Now let’s explore overall trend or trends in subset of data using linear regression.

data_ts |>
  filter_index("2016" ~ "2018-04") |>
  # filter_index("2018" ~ "2019-12") |>
  ggplot(mapping = aes(x = date, y = page_views)) +
  geom_line() +
  geom_smooth(method = 'lm', color = 'red', se=FALSE) +
  labs(title = "page views from 2016-2018") +
  theme_hc()
## `geom_smooth()` using formula = 'y ~ x'

Okay we’re definitely seeing a positive trend from 2016 to 2018 in page views as I thought initially. Now let’s subset to 2018 and later to see if there is a downtrend.

After sub-setting to 2018 and later, we’re seeing a downtrend. We saw these trends when we first looked at the data and now linear regression line is making it clear.

Linear Regression (Trend)

data_ts1 <- data_ts |>
  filter_index("2016" ~ "2018-04")

data_ts2 <- data_ts |>
  filter_index("2018" ~ "2019-12")
  
  
lm_model <- lm(page_views ~ date, data = data_ts2)
summary(lm_model)
## 
## Call:
## lm(formula = page_views ~ date, data = data_ts2)
## 
## Residuals:
##     Min      1Q  Median      3Q     Max 
## -53.054 -15.777  -2.721  12.707 244.407 
## 
## Coefficients:
##              Estimate Std. Error t value Pr(>|t|)    
## (Intercept) 503.59539   80.71496   6.239 7.46e-10 ***
## date         -0.02351    0.00451  -5.214 2.42e-07 ***
## ---
## Signif. codes:  0 '***' 0.001 '**' 0.01 '*' 0.05 '.' 0.1 ' ' 1
## 
## Residual standard error: 25.68 on 728 degrees of freedom
## Multiple R-squared:  0.03599,    Adjusted R-squared:  0.03467 
## F-statistic: 27.18 on 1 and 728 DF,  p-value: 2.416e-07

Slope for 2016-2018: 0.02366

Slope for 2018-2020 : -0.02351

So absolute slope for first group is slightly stronger.

We could already see a clear seasonality in our earlier graph, but we can try looking at our data using quarter year grouping.

Seasonality (Continued)

data_ts |>
  index_by(year = floor_date(date, 'quarter')) |>
  summarise(avg_page_views = mean(page_views, na.rm = TRUE)) |>
  ggplot(mapping = aes(x = year, y = avg_page_views)) +
  geom_line() +
  # geom_smooth(span = 0.3, color = 'blue', se=FALSE, ) +
  labs(title = "Average Page Views Over Time",
       subtitle = "(by quarter year)") +
  scale_x_date(breaks = "1 year", labels = \(x) year(x)) +
  theme_hc()
## Warning: Removed 1 row containing missing values or values outside the scale range
## (`geom_line()`).

We can again see the pattern closely resembling the sine curve. Page views keep rising and falling in a 5-6 month time frame.

Autocorrelation

acf(data_ts, ci = 0.95, na.action = na.exclude)

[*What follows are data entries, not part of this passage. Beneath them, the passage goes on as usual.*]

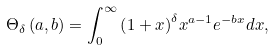Convert formula to latex. <formula><loc_0><loc_0><loc_500><loc_500>{ \Theta _ { \delta } } \left ( { a , b } \right ) = \int _ { 0 } ^ { \infty } { { { \left ( { 1 + x } \right ) } ^ { \delta } } { x ^ { a - 1 } } { e ^ { - b x } } d x } ,</formula> 
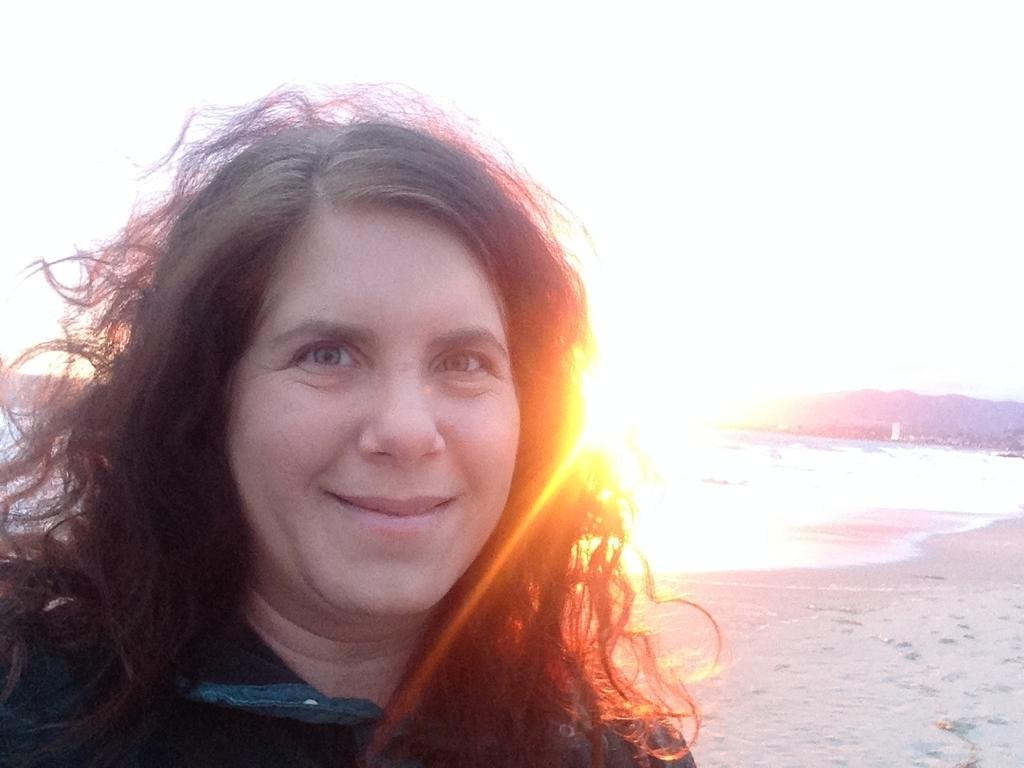Who is present in the image? There is a woman in the image. What is the woman doing in the image? The woman is smiling in the image. Where is the woman standing in the image? The woman is standing on a path in the image. What can be seen in the background of the image? Hills, water, and the sky are visible in the background of the image. What type of authority does the woman hold in the image? There is no indication of the woman holding any authority in the image. What drink is the woman holding in the image? There is no drink visible in the image. 
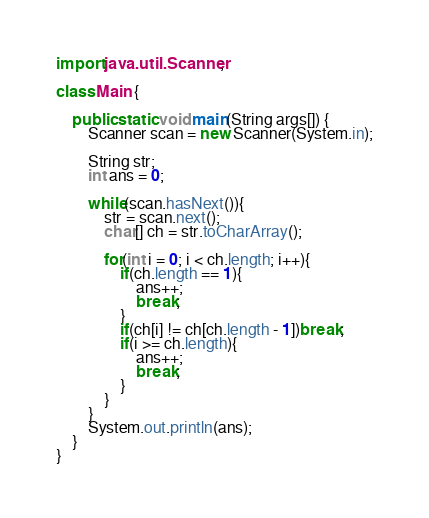Convert code to text. <code><loc_0><loc_0><loc_500><loc_500><_Java_>import java.util.Scanner;

As the lag increases, correlation goes down. In other words, each value is more correlated to closer past than distant past.

Partial Correlation

pacf(data_xts, na.action = na.exclude, 
     xlab = "Lag", main = "PACF for Page Views")

From this plot, we can infer that each value is significantly correlated with its closer past, and correlation becomes insignificant later.

Overall:

The first thing we noticed about our data was an uptrend from 2016 to 2018 and then a downtrend from 2018 and onward. Then we used rolling average to detect seasonality. We observed repeating pattern in that plot, page views seemed to go higher in the beginning of the year and drop in the middle. We also looked at the trends using linear regression to clear our initial skepticism. We saw both positive (2016-2018) and negative trends (2018-2020). Then we clarified seasonality again by plotting quarterly mean data. And lastly even though seasonality wasn’t clear in ACF and PACF, we still saw statistically significant correlations in ACF throughout the time frame while PACF only showed significant correlations in the beginning.

It’s difficult to connect these findings to my sports dataset I’ve been using in the class because these were just page views, however I observed that revenue of some universities like Ball State followed similar patterns here. But that could be coincidence. That’s all!